Los golpecitos en la madera que anuncian el desplazamiento de los
pasos, me han devuelto, en un Jesús, a la catedral de mi infancia. Un lugar,
por más que no frecuentado durante décadas, muy familiar para mí. En mi
infancia pasé muchísimos ratos corriendo con mis amigos por esas naves o
por los claustros. En ocasiones, perseguido por un portero cojo cargado de
llaves de todos los tamaños. Juanito, podría llamarse. No estoy seguro.
Repentinamente el Cristo Alzado, a hombros de túnicas granate y
caperuzas gris plata, se ha precipitado hacia mí. Me he tenido que echar
bruscamente a un lado. De inmediato en la nave lateral derecha se ha
organizado la comitiva. Los oscuros gerifaltes de la Hermandad seguidos
del Cristo, traído de San Agustín y flanqueado por dos lanzas, han iniciado
el Viacrucis.
He tomado algunas fotos. No muchas. Incomprensiblemente, he
experimentado sensaciones rarísimas.
He sentido la misma sensación que hace unos años en el zoco de
Isphahan. Había una procesión de los fervientes seguidores de Ali y caímos
en medio. Preguntamos a unos tipos con camisas muy negras que
parecían los organizadores si podíamos quedarnos. Nos dijeron que sí con
amabilidad. Los vendedores de las tiendas de aquel prolongado túnel
fueron bajando sus persianas a la llegada de la comitiva. No se quedaban,
se iban. Envueltos en aquel ambiente integrista, vimos pasar hombres
enfervorizados. Nos pareció excesivamente cargado el ambiente y, un
tanto agobiados, decidimos salir.
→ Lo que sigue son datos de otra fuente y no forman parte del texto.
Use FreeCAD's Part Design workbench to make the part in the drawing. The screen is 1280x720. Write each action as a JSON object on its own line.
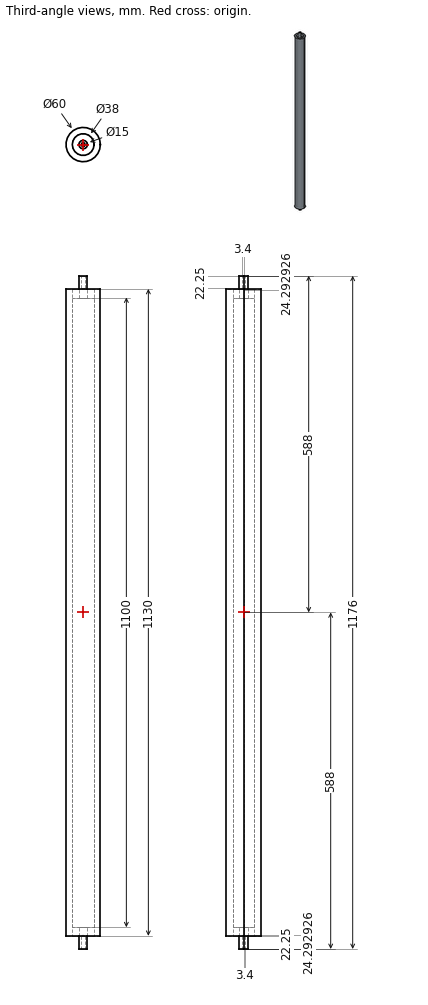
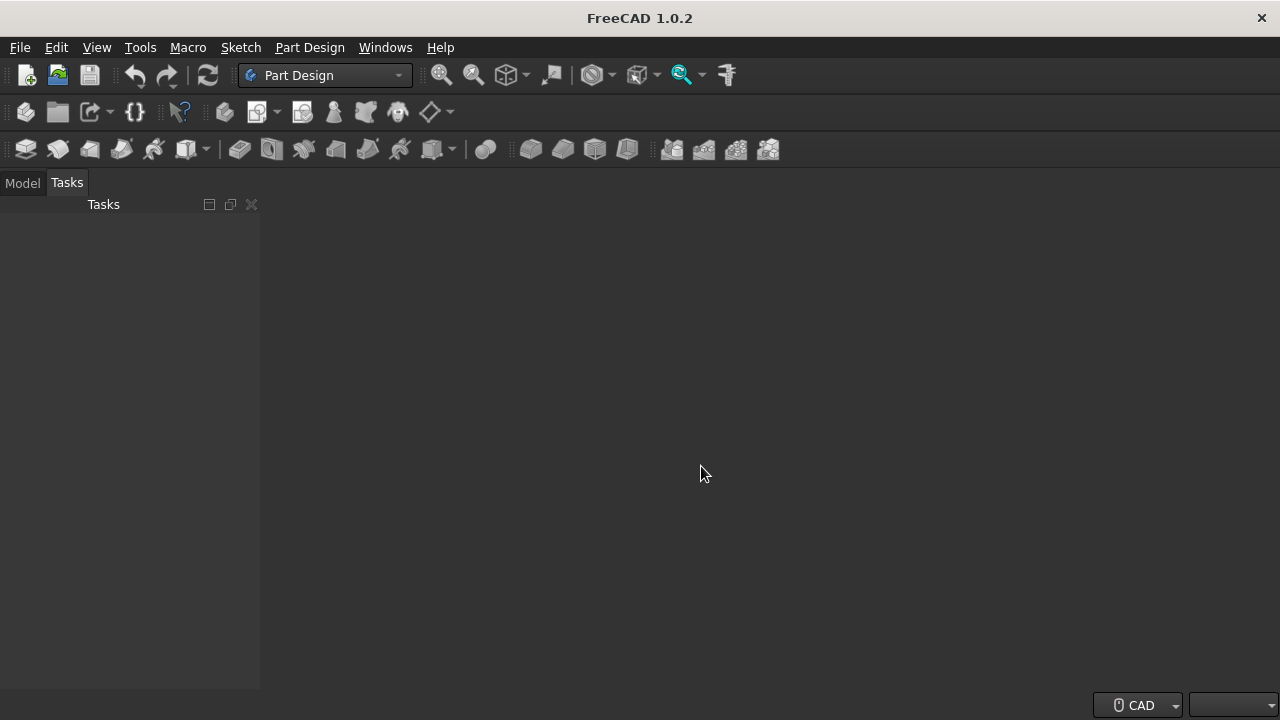
{"action": "key", "text": "ctrl+n"}

Una vez fuera, entramos en una tetería
situada en un primer piso. Estando allí, descubrimos un ventanuco que
daba a otra oscura galería del zoco. Nos asomamos. Discurría por ella en
aquel momento la segunda parte de la procesión formada por mujeres
que, entorno a unos gigantescos bafles rodantes, entonaban sus
oraciones. Todas formando una masa muy oscura, casi negra, rezaban en
voz alta, al tiempo que se golpeaban rítmicamente en el pecho de manera
perfectamente audible. La escena nos pareció muy impresionante. Por un
momento pensé asomar la cámara por el ventanuco. Inmediatamente
imaginé que en un punto cualquiera de la oscura galería una cualquiera de
aquellas personas enfervorizadas nos señalaba y gritaba un, para nosotros
ininteligible, “a por ellos”, haciendo caer sobre nosotros una masa de
fieles integristas. No tomé aquella fotografía. Cerramos el ventanuco,
abandonamos la tetería y salimos a la plaza Naghsh-i Jahan, la plaza más
bella y luminosa del mundo. En Isphahan.
Una sensación parecida he experimentado en la Catedral. Una masa
de integristas, fervor, la mirada del Cristo Alzado, mozorros de túnica
granate y caperuza gris plata y el rezo del Viacrucis. De repente, he
pensado, uno me señala, se escucha un “a por él”, se abalanzan sobre mí y
me crucifican.
No he cerrado ventanuco alguno, pero he guardado la camarita y,
por la puerta del lado de la casa de la campanera, he ganado la luz de mi
calle, Dormitalería.

Javier Mina
Iruñea, 19 de abril de 2019. Viernes Santo.